Yüzyıllar boyunca sofralarımızın vazgeçilmezi olan bulgura geri dönüyoruz. Bir ara pirinç öne geçse de fiyatların artmasıyla geleneklerimizi hatırladık ve bulgura döndük.
Şöyle bir düşününce buğdayın bizim geleneğimizde ne kadar önemli olduğunun ispatı anılarım canlandı gözümde. Buğday diyorum çünkü bulgur; buğdayın haşlanıp kabuklarının soyulmuş hali. Aslı buğday yani. Küçükken sokakta bir ekmek görsek yerden alıp üç kez öpüp yüksek bir yere koyardık. Kutsallığını ifade ederdik bu şekilde. Basılan yerde ekmek olmaz! İlla dökülmesi gereken bir pilav varsa kuşların yiyebileceği bir yere dökerdik. Tabağımızdaki taneleri de bitirmeden bırakmazdık hiç. Şimdilerde bizim kadar hürmet etmiyorlar buğdayın hiçbir türüne.
Buğdayın Mezopotamya’nın bereketli topraklarında yetişmesi bulgurun da burada çıkmasına sebep olmuştur. Bulgur da buğdayın ilk yetiştiği yer olarak kabul edilen Doğu Akdeniz’den çıkmıştır. Bulgurun nasıl elde edildiğini aşağı yukarı hepimiz biliriz. Buğday hasat edildikten sonra kaynatılır. Serilerek kurutulur. İyice kuruduktan sonra kabuğu soyulur. Kırılır ve elenerek boylara ayrılır. Tabi şimdilerde hepimiz ihtiyacımıza göre marketlerden hazır alıyoruz. Ama köylerimizde hala devam eden bir gelenek. Kaynama işi evlerde yapılıyor yine ama kırma eleme boylara ayırma işlemleri için artık makineler var. Arabaya koyuluyor ve ayrılıp geliyor evimize.
Buğday bir sanat bizim yurdumuzda Evliya Çelebi’nin seyehatnamesinde buğday ile alakalı bölümleri okuduğunuzda en az benim kadar hayran kalacaksınız eminim.
Buğday çalkalayıcı esnafı: ‘Bunların da dükkânları ekmek fırınları ve değirmenlerdir. Neferât 3000. Bunlar da Mısır fellâhlarıdır. Bu esnaf ustalıklarını o dereceye ulaştırmışlar ki buğday, arpa, mercimek, bakla, pirinç bir yerde karışmış olsa bunlar içinde hepsini birbirinden ayırırlar. Bazı ustaları kalbur içinde buğday ve toprağı ayırıp çalkalaya çalkalaya buğdaydan ‘Lâ İlâhe İllallah’ yazarlar ‘Yâ Şafî, yâ Kâfi’ yazar, sihir derecesinde sanattır. Pirleri Ali Samir’dir…’

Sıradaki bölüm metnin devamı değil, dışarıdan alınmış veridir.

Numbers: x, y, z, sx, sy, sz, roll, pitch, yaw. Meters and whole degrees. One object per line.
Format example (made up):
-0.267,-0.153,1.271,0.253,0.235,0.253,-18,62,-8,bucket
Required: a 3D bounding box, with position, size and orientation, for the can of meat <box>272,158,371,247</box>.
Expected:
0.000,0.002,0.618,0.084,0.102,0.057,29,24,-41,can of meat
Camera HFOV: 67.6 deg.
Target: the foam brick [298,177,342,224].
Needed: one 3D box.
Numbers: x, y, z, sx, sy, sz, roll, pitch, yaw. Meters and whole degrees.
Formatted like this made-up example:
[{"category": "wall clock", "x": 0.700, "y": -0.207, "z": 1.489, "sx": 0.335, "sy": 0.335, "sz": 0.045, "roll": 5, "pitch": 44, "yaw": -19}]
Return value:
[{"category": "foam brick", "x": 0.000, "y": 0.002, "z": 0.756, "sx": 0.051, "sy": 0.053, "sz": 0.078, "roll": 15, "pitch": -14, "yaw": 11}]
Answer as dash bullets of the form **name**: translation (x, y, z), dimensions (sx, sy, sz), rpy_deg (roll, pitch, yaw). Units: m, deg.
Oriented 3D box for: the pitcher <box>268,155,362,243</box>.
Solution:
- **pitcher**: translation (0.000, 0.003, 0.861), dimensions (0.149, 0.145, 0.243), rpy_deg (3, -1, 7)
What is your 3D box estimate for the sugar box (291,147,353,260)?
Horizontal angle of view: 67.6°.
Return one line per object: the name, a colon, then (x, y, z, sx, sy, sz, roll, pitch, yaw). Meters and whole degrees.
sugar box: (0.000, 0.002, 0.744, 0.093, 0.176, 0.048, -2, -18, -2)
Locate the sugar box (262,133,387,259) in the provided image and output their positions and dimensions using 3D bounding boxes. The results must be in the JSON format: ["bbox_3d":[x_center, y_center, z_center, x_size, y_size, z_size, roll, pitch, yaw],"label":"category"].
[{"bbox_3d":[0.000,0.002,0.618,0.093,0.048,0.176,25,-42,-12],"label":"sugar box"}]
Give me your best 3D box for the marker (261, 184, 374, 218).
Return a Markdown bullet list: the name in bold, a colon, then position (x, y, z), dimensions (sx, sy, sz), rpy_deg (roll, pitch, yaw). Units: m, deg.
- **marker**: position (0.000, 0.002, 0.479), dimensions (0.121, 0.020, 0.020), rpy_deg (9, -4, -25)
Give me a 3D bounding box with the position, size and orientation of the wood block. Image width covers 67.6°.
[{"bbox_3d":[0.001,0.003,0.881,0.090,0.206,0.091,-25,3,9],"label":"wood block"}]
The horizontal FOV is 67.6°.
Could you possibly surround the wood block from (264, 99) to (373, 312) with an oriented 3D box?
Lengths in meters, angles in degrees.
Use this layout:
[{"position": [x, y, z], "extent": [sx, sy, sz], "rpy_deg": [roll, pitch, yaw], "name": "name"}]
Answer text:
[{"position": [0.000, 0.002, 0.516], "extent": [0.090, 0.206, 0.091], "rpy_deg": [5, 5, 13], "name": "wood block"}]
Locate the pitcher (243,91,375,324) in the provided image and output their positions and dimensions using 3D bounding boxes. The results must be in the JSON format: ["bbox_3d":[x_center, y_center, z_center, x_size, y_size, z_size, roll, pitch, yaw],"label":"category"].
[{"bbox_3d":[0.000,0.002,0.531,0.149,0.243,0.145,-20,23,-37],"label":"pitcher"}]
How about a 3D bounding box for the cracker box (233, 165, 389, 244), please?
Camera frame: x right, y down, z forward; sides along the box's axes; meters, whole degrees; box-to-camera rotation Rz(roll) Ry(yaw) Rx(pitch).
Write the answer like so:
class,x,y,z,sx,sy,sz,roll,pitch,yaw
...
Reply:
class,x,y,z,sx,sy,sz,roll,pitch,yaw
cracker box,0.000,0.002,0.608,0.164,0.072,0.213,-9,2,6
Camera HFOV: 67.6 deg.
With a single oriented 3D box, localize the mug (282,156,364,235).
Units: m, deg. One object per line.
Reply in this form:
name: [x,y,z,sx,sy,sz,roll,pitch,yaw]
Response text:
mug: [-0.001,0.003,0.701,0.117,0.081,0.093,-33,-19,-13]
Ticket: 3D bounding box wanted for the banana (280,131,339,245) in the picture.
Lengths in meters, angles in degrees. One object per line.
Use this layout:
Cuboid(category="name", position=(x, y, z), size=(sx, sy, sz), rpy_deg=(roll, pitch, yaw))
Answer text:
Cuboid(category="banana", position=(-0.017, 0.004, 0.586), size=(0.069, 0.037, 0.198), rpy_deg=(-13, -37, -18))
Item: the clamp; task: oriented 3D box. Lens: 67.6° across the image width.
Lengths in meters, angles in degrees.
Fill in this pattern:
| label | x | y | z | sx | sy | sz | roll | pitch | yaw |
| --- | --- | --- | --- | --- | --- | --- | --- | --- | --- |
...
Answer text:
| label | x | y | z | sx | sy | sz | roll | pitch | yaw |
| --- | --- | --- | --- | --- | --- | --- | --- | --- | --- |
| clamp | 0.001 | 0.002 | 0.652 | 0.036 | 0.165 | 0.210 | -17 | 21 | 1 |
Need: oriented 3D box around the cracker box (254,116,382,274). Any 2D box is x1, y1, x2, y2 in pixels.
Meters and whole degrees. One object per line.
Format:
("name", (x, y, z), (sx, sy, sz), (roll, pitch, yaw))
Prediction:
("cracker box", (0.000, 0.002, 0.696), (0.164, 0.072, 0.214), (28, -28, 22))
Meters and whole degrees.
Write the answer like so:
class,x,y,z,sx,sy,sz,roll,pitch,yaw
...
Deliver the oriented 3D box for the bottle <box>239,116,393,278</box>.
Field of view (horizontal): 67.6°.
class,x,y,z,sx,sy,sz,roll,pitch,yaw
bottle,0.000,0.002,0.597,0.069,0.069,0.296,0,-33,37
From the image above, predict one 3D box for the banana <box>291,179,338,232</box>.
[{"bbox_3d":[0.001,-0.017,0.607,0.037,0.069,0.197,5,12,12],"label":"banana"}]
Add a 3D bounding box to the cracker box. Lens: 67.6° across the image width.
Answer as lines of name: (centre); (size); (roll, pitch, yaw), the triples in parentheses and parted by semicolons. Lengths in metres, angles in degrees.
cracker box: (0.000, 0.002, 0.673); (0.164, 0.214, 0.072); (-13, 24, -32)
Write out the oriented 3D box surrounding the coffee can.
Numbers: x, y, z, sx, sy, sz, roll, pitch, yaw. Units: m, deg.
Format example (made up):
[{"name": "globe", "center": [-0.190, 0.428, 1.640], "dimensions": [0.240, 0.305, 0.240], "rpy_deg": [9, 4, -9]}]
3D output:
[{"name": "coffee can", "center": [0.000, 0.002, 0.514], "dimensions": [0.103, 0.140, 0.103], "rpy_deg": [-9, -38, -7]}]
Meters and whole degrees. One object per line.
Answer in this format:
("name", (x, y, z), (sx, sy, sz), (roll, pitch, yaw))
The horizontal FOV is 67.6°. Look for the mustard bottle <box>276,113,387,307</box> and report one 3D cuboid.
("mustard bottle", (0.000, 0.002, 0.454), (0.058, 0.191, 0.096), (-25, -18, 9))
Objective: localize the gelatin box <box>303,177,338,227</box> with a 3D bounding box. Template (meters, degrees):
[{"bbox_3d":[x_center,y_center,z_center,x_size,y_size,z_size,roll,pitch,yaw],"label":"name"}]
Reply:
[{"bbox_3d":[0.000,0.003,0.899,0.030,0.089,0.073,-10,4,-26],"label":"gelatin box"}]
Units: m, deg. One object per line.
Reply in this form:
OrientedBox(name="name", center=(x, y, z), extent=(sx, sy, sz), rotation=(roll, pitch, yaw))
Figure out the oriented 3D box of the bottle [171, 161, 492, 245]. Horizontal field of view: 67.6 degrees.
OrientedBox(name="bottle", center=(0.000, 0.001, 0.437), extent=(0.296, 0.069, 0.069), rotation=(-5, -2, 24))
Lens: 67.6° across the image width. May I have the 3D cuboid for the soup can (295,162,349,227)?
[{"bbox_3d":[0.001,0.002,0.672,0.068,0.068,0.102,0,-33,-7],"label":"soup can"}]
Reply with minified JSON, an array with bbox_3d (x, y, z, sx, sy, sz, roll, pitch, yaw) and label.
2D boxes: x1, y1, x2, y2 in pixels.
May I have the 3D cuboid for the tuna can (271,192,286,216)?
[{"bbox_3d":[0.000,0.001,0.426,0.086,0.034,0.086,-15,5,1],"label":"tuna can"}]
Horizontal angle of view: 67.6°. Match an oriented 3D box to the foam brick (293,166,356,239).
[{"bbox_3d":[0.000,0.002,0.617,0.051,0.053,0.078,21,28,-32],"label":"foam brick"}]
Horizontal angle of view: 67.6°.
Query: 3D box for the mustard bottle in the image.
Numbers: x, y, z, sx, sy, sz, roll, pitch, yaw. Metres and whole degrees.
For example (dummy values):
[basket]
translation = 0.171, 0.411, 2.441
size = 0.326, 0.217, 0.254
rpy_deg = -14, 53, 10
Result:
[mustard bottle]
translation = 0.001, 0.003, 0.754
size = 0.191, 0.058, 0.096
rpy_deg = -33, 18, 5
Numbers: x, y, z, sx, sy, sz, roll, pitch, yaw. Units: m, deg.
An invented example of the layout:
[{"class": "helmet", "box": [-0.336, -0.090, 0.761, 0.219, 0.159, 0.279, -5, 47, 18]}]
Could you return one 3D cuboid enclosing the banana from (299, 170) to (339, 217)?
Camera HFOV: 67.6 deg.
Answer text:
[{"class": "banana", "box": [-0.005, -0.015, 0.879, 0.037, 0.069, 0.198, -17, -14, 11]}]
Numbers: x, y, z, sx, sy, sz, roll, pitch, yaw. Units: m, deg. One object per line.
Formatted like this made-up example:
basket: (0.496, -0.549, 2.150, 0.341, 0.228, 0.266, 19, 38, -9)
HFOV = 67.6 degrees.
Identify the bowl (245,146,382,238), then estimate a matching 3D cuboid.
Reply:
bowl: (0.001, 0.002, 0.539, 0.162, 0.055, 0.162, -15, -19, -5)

Her halinde ayrı lezzetli…
Boylarına göre ihtiyacımızı karşılıyor bulgur. En büyük boyundan pilav yapılır. Dolmalara koyulur. Bir sonraki boy ince bulgurdur. Yörelere göre değişik isimleri de var. ‘simit, setik, göce, haşıl’ Bu bulgurla her çeşit köfte yapılır. Güneydoğuda köfte denilince akla buralardaki gibi ızgarada pişmiş et gelmez. İllaki bulgurla yoğrulmuştur orada köfteler. ‘içliköfte, oruk gibi’ İnce bulgurun da bir incesi daha vardır. Gaziantep ve Kilis’te siddi simidi denir. Özellikle bulgurun ilk yapıldığı mevsimde bulunur ve hemen tüketilmesi gerekir. Zira çabuk bozulur. Bir de kırılmamış buğday var. Yine buğday kaynatılıyor yine serilip soğutuluyor ama kırılmıyor. Buna yarma diyoruz. Temmuz ayında yazdığım soğuk çorba da işte bu yarmadan yapılıyordu.
Bulgur sözlüğü.
Bulgur’un hayatımızdaki yeri yadsınamayacak kadar fazla. Öyle ki bulgur kaynatmanın kendine has kelimeleri var. İşte size birkaç örnek;
Dink: Tahılın kabuğunu yumuşatmaya ve ayırmaya yarayan değirmen.
Dinkene: Buğdayın kabuğunu çıkaran aygıt.
Hedik: haşlanmış bulgur, buğday, mısır, nohut gibi şeyler.
Allef: Kalpurla ve tepir denilen aletle buğdayı temizleyen sanat sahibi kişi.